In the space of one week, both my dog & I have had surgery on our right knees. Hers - a TPLO for a torn ligament - is much more serious than mine - an arthroscopy for a torn meniscus. Chloe's procedure involved a long incision, a controlled fracture, a metal implant, & multilayer sets of stitches. Mine was a stitch-free three-hole Cousteau affair, using the microscopic 2015 equivalent of la suçeuse to extract the offending bit of gristle with minimum fuss. Now, I'm mostly comfortable, while Chloe is racked with pain, anxiety and desire to bite the fuck out of her knee. Here's this morning: Chloe went to town last night, destroying stitches & staples, despite Cone of Negotiated Non-Licking. Mid-night terror, new 3AM hospitalization, whole new set of stitches, new Very Large Array version of the Cone. It is hard being a dog. It is hard loving a dog. She is resting & I am finding my way to my feet like an old new colt. And here are two extremely helpful things my friends Larissa and Annie posted back: Sorry your pup is wearing her Hell Toupee! It IS so hard loving a dog, or anyone who is suffering..... So, yes: Chloe IS wearing her Hell Toupee. We have gone through three rounds of bigger and bigger Toupees, because everything we have tried has failed.

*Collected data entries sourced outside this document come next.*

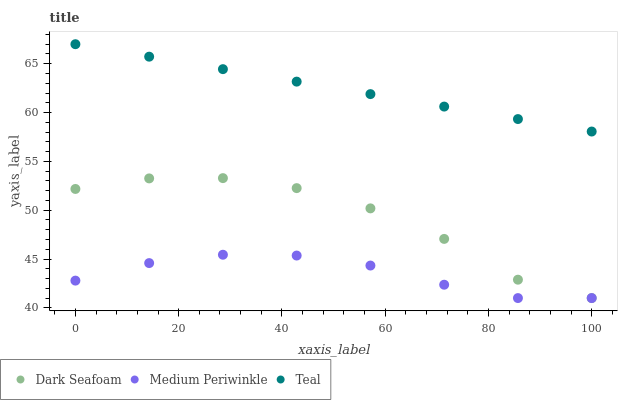Does Medium Periwinkle have the minimum area under the curve?
Answer yes or no. Yes. Does Teal have the maximum area under the curve?
Answer yes or no. Yes. Does Teal have the minimum area under the curve?
Answer yes or no. No. Does Medium Periwinkle have the maximum area under the curve?
Answer yes or no. No. Is Teal the smoothest?
Answer yes or no. Yes. Is Dark Seafoam the roughest?
Answer yes or no. Yes. Is Medium Periwinkle the smoothest?
Answer yes or no. No. Is Medium Periwinkle the roughest?
Answer yes or no. No. Does Dark Seafoam have the lowest value?
Answer yes or no. Yes. Does Teal have the lowest value?
Answer yes or no. No. Does Teal have the highest value?
Answer yes or no. Yes. Does Medium Periwinkle have the highest value?
Answer yes or no. No. Is Dark Seafoam less than Teal?
Answer yes or no. Yes. Is Teal greater than Dark Seafoam?
Answer yes or no. Yes. Does Dark Seafoam intersect Medium Periwinkle?
Answer yes or no. Yes. Is Dark Seafoam less than Medium Periwinkle?
Answer yes or no. No. Is Dark Seafoam greater than Medium Periwinkle?
Answer yes or no. No. Does Dark Seafoam intersect Teal?
Answer yes or no. No. 
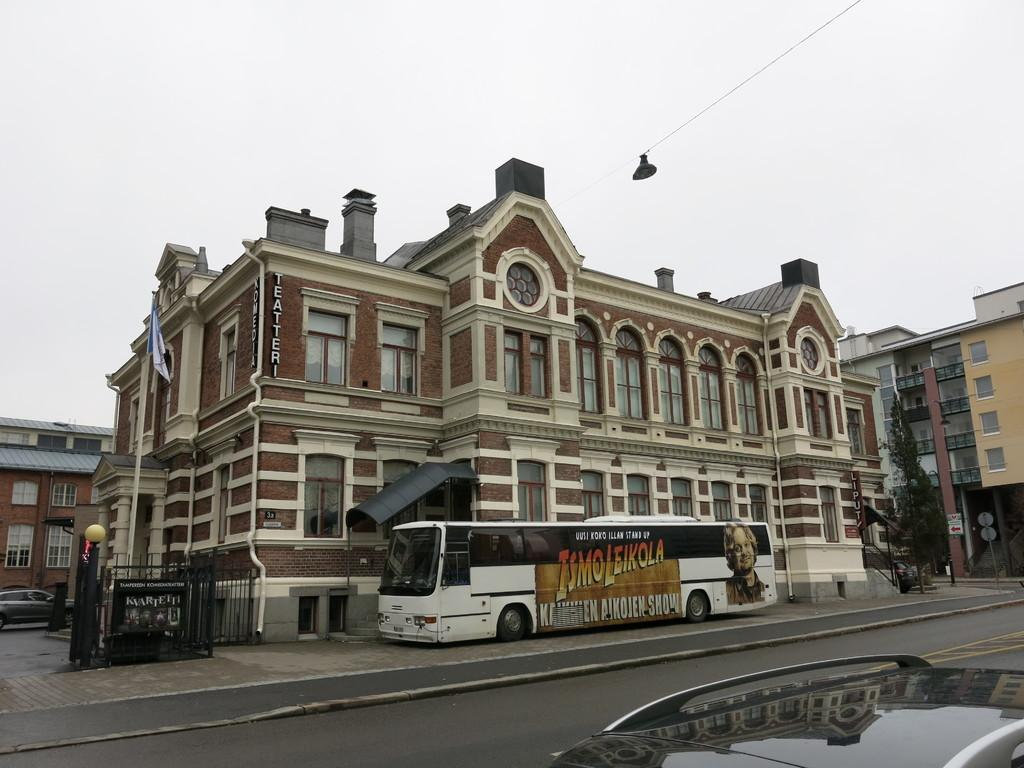What type of structure is present in the image? There is a building in the image. What mode of transportation can be seen in the image? There is a bus in the image. What part of the natural environment is visible in the background? The sky is visible in the background of the image. What type of balls are being used by the organization in the image? There is no mention of any balls or organizations in the image; it features a building and a bus. 
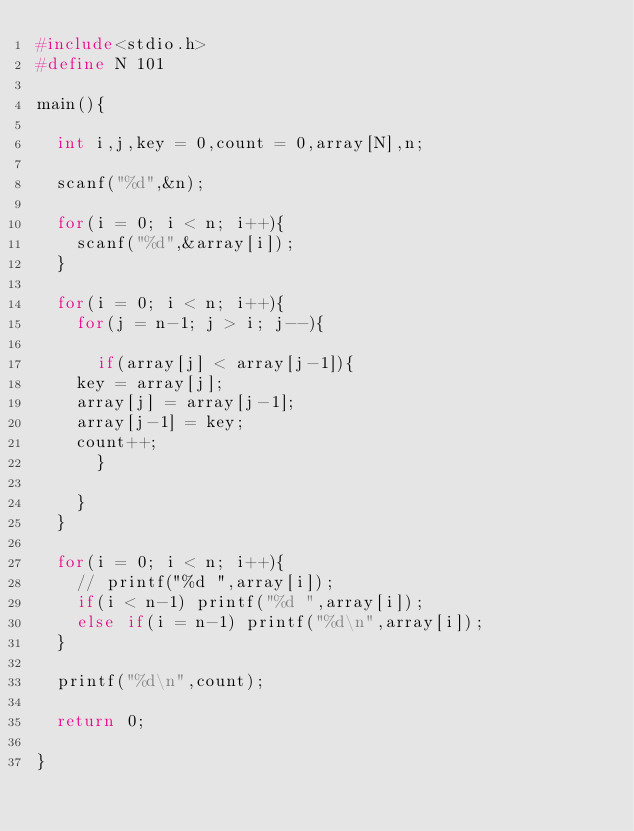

At this point, her headgear is picking up messages from outside the Solar System, which she translates into high-pitched whines and growly snores, to the intergalactic enlightenment of no one. Yes: it IS hard loving anyone who is suffering - basically everyone, including myself. I don't have any children: no right-path-treading children, no heroin-addicted children, no children in jail, no children in medical school. But I DO have this furry being in my life taking on the role of Child Understudy, and right now, loving her is hard. A few days ago, after the first trip to the emergency hospital, when new staples had gone into Chloe's leg to replace the first round of stitches, and we were feeling pretty giddy with relief, we took a joyride up and down the streets around our neighborhood. Chloe stuck her head out the window in Toupee 2.0 , tongue flippy-flapping, and I dubbed our ride the March of Folly Victory Tour. Right on cue, a lady in a white minivan just pretty much stopped right there in front of us at an intersection, and quit driving. The little boy biking nearby executed some loopy maneuver of his own. I realized we were all in this together, flailing and winging it.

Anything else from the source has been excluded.